The researchers described their metric as AP Position Error (2drms, 95% confidence). I'm not sure what they mean by that because when I see 95% confidence, I am expecting to see the confidence band around the point estimates being shown above.

And yet, the data table shows only point estimates -- in fact, estimates to two decimal places of precision. In statistics, the more precision you have, the less confidence.


Visualization as an analysis tool

Visualizing data has many uses. We often explore how charts can be used to convey data insights and tell stories. We talk less on this blog about how slicing and dicing data helps us form impressions about the structure of the data sets we're analyzing.
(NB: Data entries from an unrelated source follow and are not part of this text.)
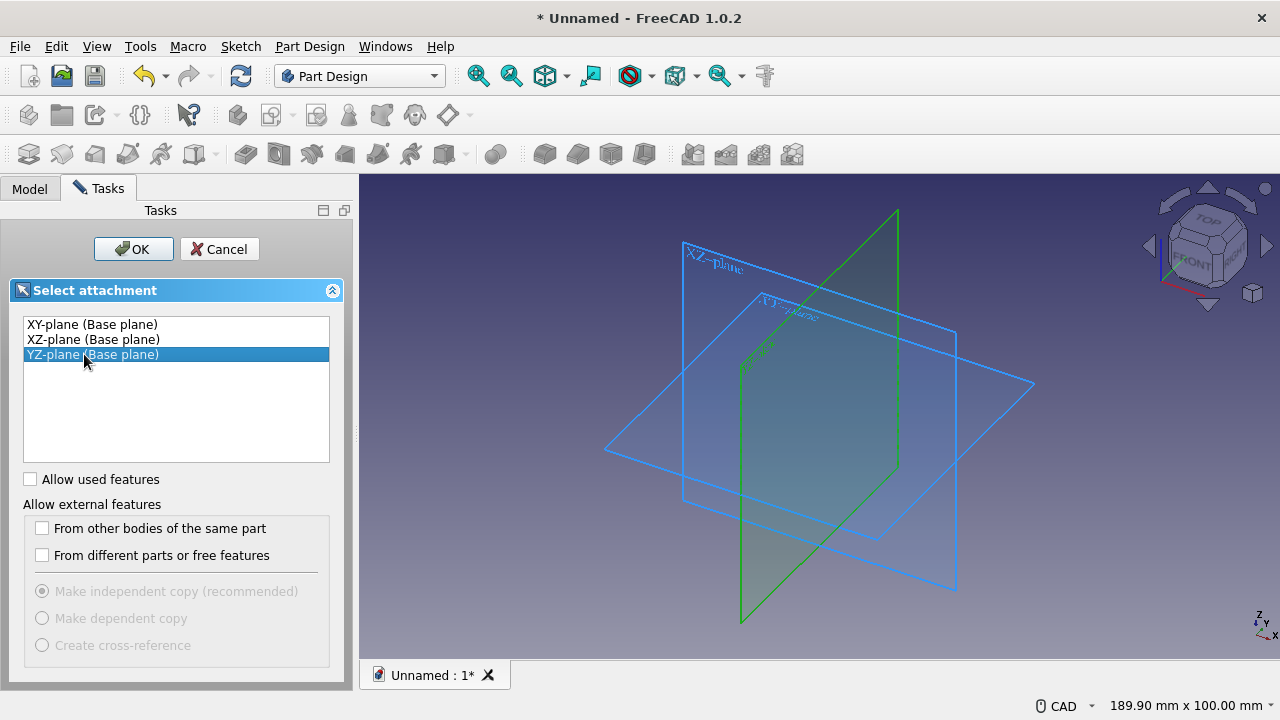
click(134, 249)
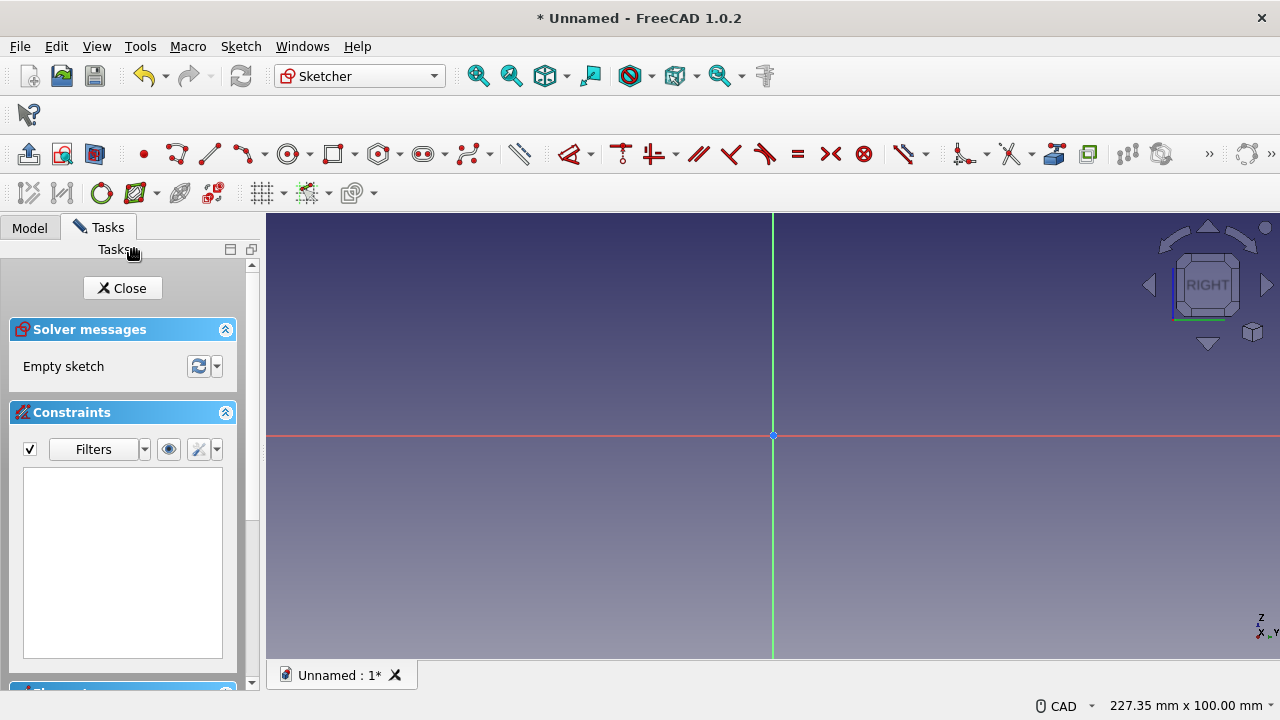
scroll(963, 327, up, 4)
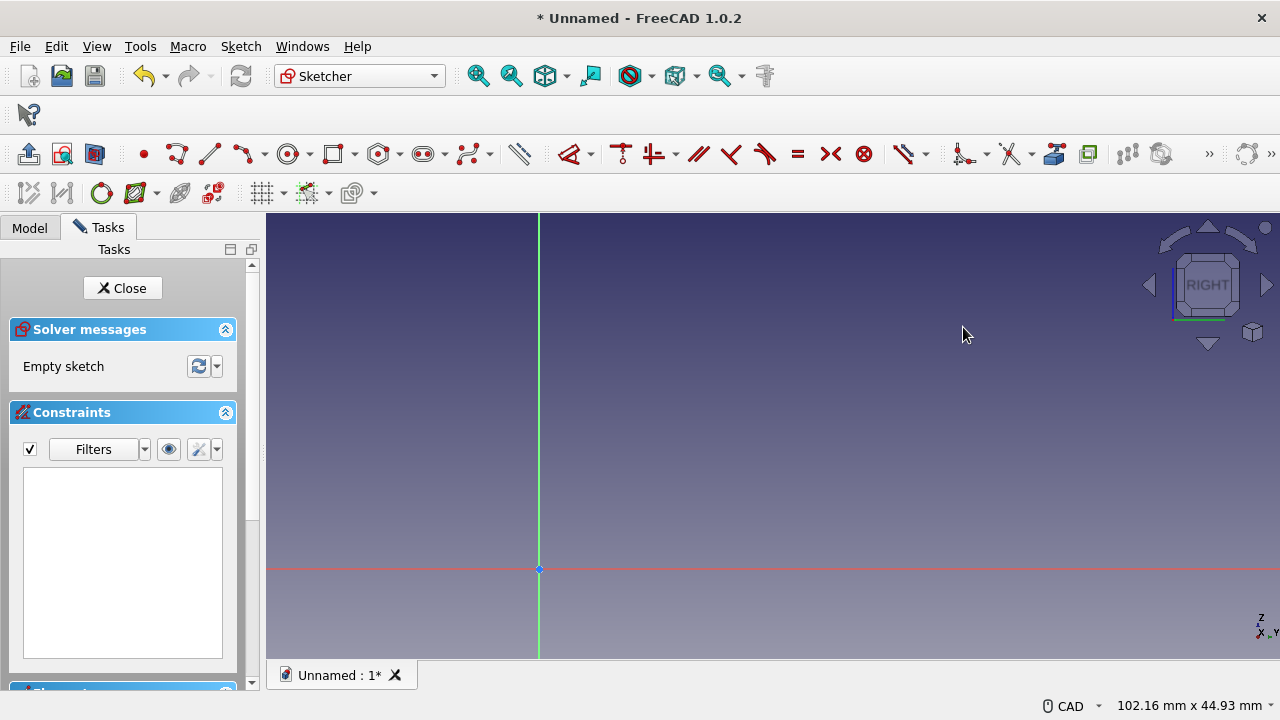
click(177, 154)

I have been digging around some payroll employment data recently. (You can find the data at the Bureau of Labor Statistics website.) I thought the following two charts are quite instructive.

The first one surfaces one type of recurring patterns: there is a seasonal pattern running from January to December that repeats every year. I use a small-multiples setup, with each chartlet indiced by year.

Seasonalfactor_monthly_by yeargroup

The second chart shows a different kind of regularity: there is a cyclical pattern running from 2002 to 2012, no matter which month we're looking at. Again, we have a small-multiples setup, this time with each chartlet indiced by a month of year.

Unadj_yeartoyeartrend bymonth

This second chart is a simple form of "seasonal adjustment". The data used in this plot are unadjusted. The chart shows that there is a larger cyclical pattern during the period of 2002-2012 that affects every month of the year.

I already hear grumbling about using a line chart when there is no continuity from one dot to the next. In this chart, in fact, time runs left to right, top to bottom, then starts again at the first chartlet, and so on. This is a profile chart. As the name suggests, we should be focused on the shape of the line. It doesn't have to have physical meaning; we are only looking for regularity.

***

Statisticians love to find this kind of regular patterns because they are easy to describe. Of course, most data are much messier.